Кей наплевать, что подумают федералы, и она смотрит в окно на свое бывшее здание, Биотек-2, его серые, отделанные по краям темно-красным кирпичом стены и морг, напоминающий прилепившееся сбоку белое иглу. Она вернулась, и кажется уже, что никуда и не уезжала. И нет ничего странного в том, что Кей едет в дом, где случилась смерть, а скорее всего произошло убийство, и ей нет дела до того, как отнесутся к этому визиту ФБР, доктор Маркус или кто-то еще.
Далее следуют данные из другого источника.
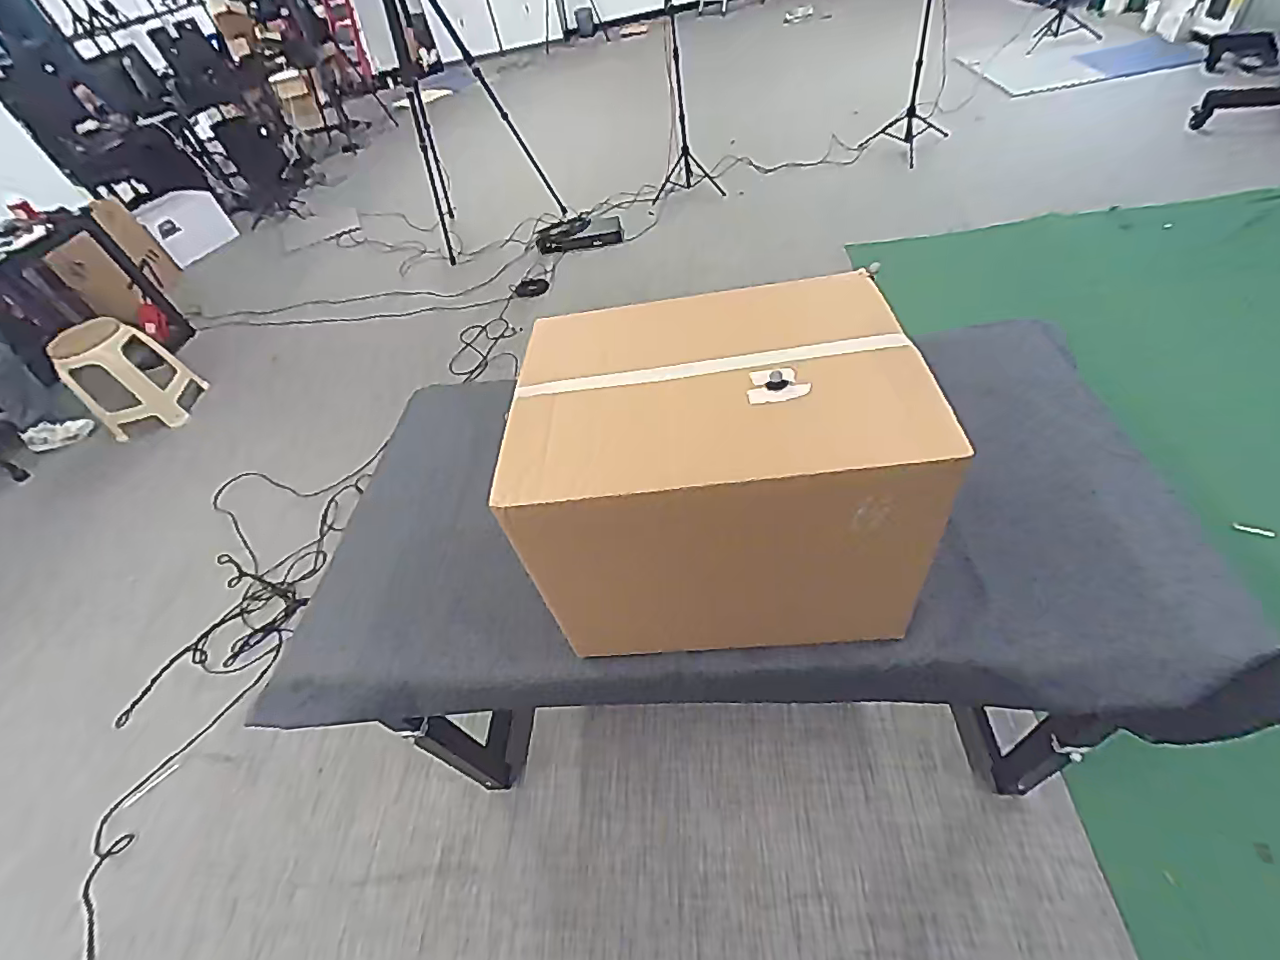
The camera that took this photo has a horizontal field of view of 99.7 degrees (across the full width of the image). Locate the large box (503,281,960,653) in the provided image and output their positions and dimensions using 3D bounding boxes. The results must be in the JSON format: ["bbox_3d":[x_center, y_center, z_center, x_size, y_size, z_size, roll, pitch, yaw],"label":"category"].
[{"bbox_3d":[0.092,-0.006,0.672,0.408,0.320,0.320,-6,47,7],"label":"large box"}]
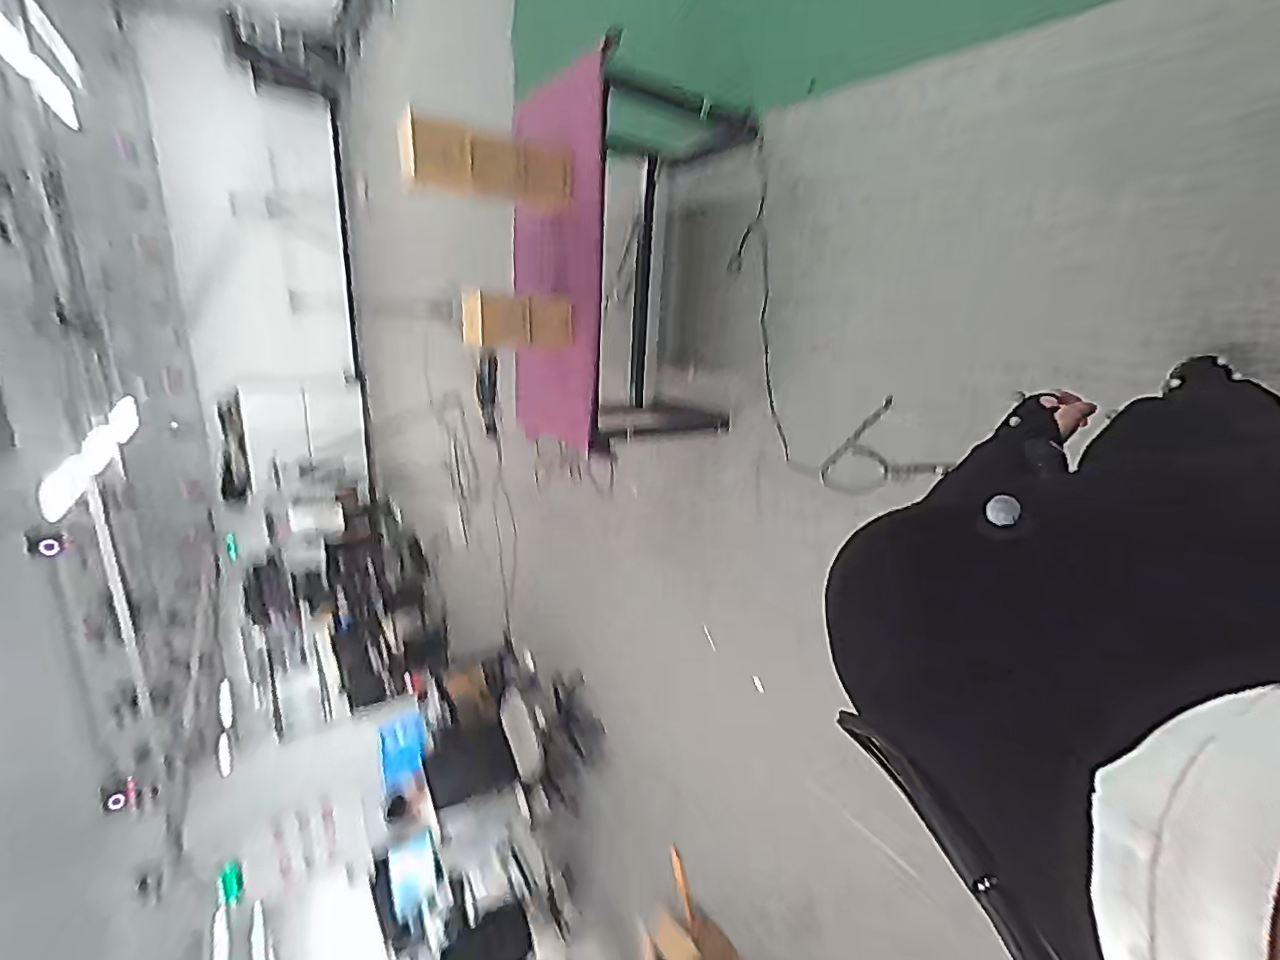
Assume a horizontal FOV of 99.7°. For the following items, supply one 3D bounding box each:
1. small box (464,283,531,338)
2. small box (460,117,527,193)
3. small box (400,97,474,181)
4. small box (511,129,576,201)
[{"bbox_3d":[-0.468,-0.559,1.787,0.179,0.176,0.168,23,115,51],"label":"small box"},{"bbox_3d":[-0.457,-1.002,1.680,0.179,0.176,0.168,29,121,52],"label":"small box"},{"bbox_3d":[-0.591,-0.993,1.589,0.179,0.176,0.168,26,120,53],"label":"small box"},{"bbox_3d":[-0.324,-1.025,1.773,0.179,0.176,0.168,28,121,50],"label":"small box"}]
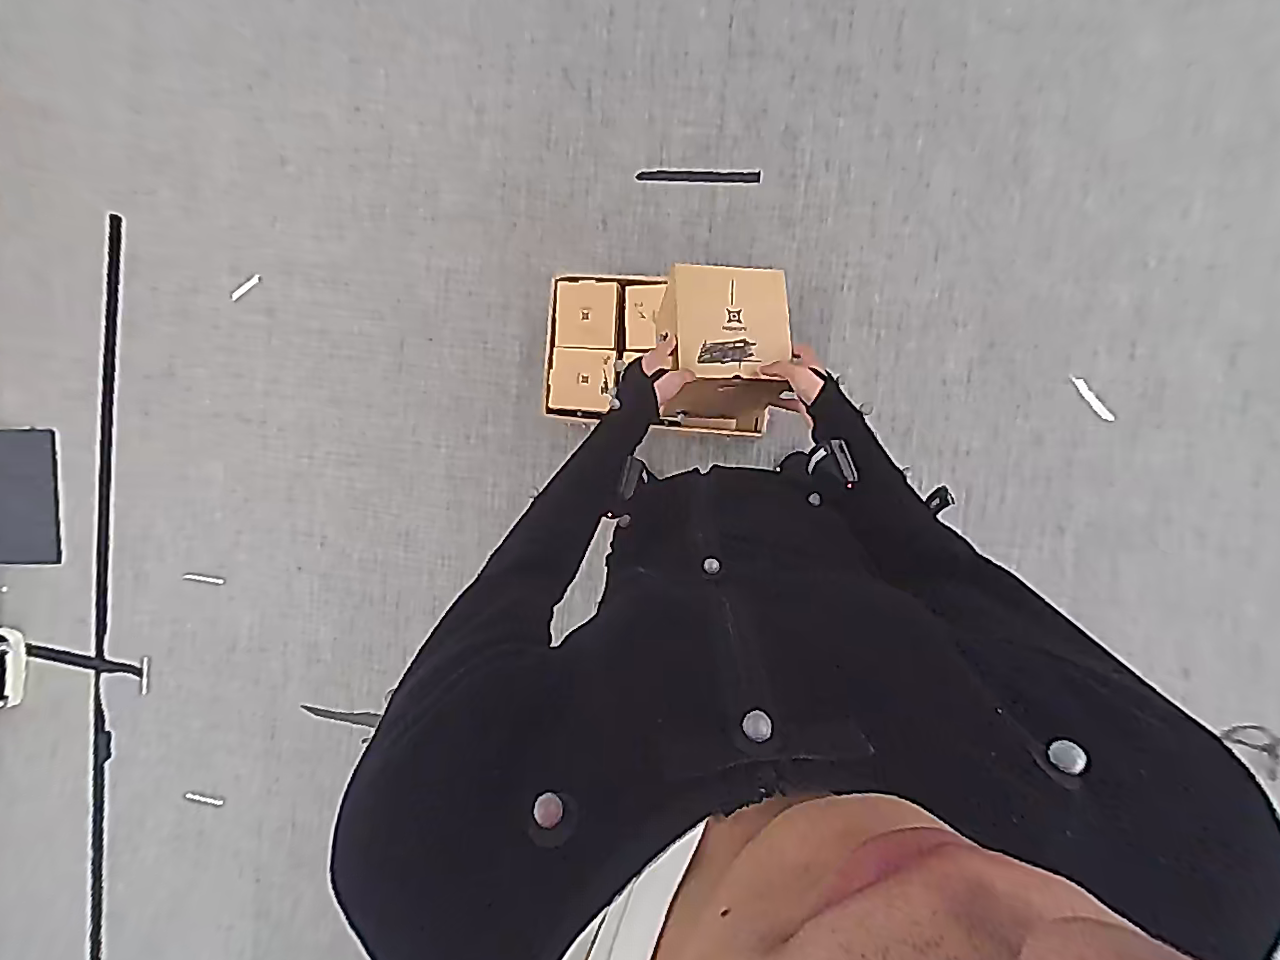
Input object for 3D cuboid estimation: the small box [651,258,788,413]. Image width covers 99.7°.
[{"bbox_3d":[0.110,-0.207,0.820,0.168,0.176,0.179,0,78,-9],"label":"small box"}]
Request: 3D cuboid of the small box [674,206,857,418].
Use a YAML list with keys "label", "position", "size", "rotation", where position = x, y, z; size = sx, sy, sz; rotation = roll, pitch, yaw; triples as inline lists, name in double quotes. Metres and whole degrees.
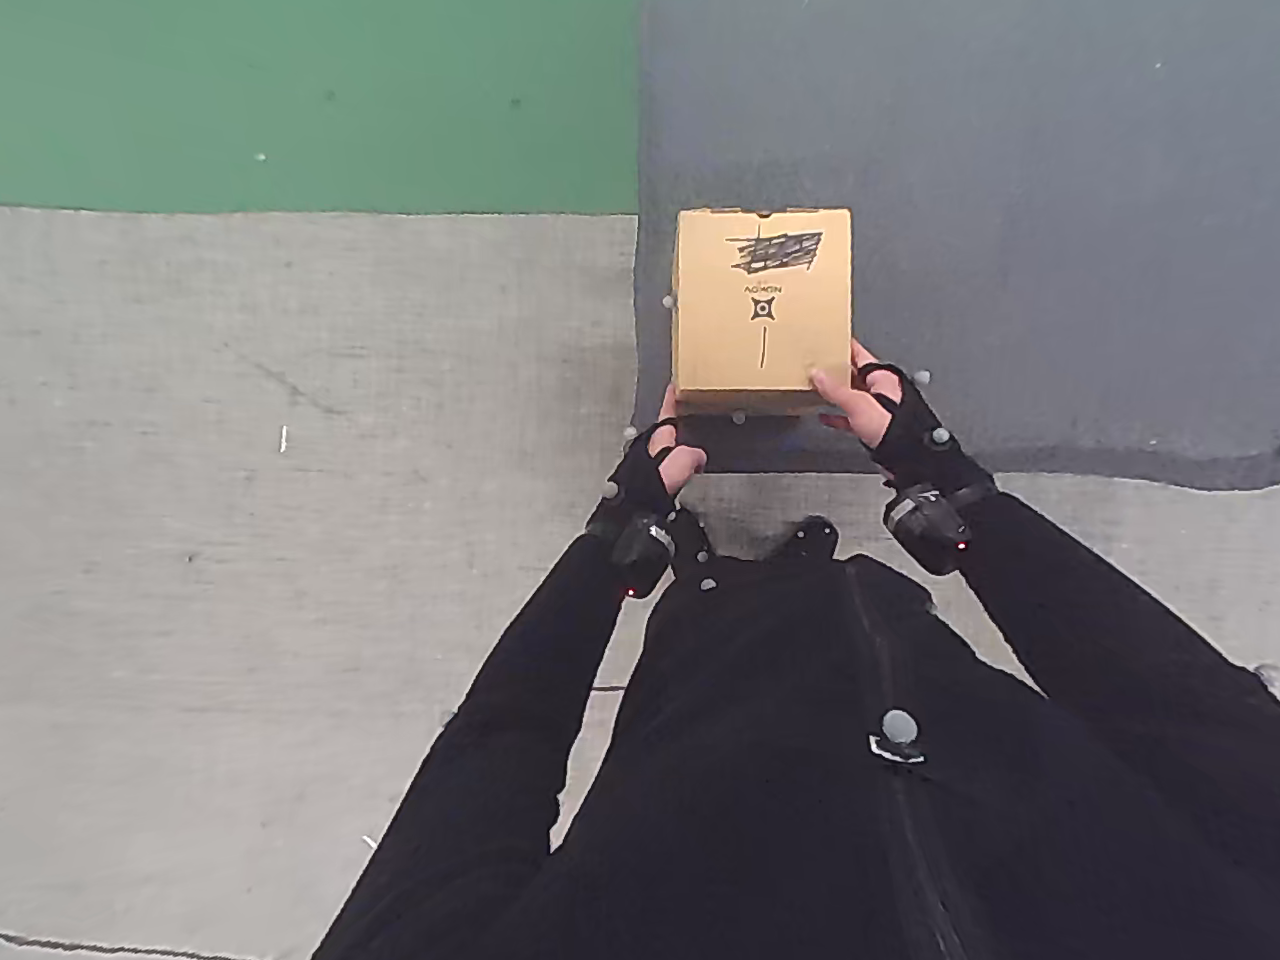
- label: "small box"
  position: [0.123, -0.169, 0.587]
  size: [0.168, 0.176, 0.179]
  rotation: [1, 88, 2]

– У меня такое чувство, что твой приятель, доктор Маркус, тоже сильно обрадуется, – добавляет саркастически Марино, вторя ее мыслям. – Ты уже сообщила ему, что Джилли убили?

– Нет.

Закончив с Джилли Полссон, Кей переоделась, просмотрела несколько слайдов и не стала ни разыскивать доктора Маркуса, ни звонить ему. О результатах доложит Филдинг, он же передаст, что она готова обсудить детали вскрытия позже и что связаться с ней при необходимости можно по сотовому. Доктор Маркус, конечно, не позвонит. Судя по всему, он хочет, насколько это возможно, отстраниться от дела Джилли Полссон и, похоже, уже давно, еще до звонка ей во Флориду, решил, что ничего, кроме неприятностей, смерть четырнадцатилетней девочки ему не сулит, а раз так, то нужно как-то отвести удар, и лучшего громоотвода, чем предшественница, ему не найти. Наверное, Маркус и раньше подозревал, что Джилли убили, но по каким-то причинам не пожелал пачкать руки.

– Кто занимается расследованием? – спрашивает Скарпетта, когда они останавливаются, пережидая поток машин, поворачивающих с 1–95 на Четвертую улицу. – Кто-то из знакомых?

– Нет. В наше время его здесь не было. – Марино видит просвет и бросает внедорожник вперед, проскакивая на правую полосу. Вернувшись в Ричмонд, он ездит так, как и привык ездить в Ричмонде, то есть так, как ездил в Нью-Йорке в начале своей полицейской карьеры.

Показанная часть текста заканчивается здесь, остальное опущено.